Listed entries:
***

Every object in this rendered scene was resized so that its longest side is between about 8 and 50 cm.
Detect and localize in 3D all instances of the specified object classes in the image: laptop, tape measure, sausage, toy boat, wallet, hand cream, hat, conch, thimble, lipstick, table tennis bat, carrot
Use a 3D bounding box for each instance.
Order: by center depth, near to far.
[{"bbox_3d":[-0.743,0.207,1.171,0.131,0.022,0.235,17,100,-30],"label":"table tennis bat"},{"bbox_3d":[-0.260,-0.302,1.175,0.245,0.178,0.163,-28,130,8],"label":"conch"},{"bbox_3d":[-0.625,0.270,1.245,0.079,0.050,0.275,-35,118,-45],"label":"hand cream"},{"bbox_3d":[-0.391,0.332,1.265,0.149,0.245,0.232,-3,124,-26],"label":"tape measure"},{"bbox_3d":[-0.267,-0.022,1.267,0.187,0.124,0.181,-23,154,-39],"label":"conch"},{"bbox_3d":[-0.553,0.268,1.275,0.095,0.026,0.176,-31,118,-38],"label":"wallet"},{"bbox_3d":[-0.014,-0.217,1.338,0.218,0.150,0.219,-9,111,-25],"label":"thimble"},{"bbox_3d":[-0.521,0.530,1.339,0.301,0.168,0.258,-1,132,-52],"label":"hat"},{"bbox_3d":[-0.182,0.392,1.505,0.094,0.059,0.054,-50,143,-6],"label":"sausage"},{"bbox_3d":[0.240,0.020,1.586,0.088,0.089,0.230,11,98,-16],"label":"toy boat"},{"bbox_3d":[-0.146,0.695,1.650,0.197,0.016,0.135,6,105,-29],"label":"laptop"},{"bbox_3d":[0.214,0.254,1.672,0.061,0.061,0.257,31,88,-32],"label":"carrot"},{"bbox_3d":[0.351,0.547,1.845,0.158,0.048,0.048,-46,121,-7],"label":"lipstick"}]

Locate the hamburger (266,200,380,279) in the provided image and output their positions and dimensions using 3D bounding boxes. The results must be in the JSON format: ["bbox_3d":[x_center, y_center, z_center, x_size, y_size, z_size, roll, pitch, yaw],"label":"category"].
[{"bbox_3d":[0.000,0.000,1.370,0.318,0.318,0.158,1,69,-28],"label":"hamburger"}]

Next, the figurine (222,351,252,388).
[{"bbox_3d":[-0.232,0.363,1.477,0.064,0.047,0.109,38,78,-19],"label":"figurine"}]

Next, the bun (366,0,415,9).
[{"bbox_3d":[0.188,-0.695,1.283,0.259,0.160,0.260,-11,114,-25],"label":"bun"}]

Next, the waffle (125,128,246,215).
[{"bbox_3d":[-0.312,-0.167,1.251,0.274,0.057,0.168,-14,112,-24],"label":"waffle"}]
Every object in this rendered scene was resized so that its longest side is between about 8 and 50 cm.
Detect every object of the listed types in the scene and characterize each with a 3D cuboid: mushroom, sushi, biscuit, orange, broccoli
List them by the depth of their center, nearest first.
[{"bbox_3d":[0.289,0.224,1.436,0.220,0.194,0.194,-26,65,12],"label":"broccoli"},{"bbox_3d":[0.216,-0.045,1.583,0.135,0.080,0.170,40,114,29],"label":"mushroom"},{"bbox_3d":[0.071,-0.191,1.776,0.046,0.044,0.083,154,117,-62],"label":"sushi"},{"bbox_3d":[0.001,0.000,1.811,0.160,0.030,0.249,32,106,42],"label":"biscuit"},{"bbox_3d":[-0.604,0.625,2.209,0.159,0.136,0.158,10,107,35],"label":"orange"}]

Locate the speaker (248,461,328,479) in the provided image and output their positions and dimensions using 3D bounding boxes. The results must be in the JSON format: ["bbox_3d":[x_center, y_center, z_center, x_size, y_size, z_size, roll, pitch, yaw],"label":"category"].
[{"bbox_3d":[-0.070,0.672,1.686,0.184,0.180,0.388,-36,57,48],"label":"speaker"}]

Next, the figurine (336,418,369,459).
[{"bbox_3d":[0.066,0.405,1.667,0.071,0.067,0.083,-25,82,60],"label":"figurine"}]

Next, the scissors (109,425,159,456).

***

Task directions: Every line holding the word "each" should be copied out of the records above.

Written response:
Use a 3D bounding box for each instance.
Detect every object of the listed types in the scene and characterize each with a 3D cuboid: mushroom, sushi, biscuit, orange, broccoli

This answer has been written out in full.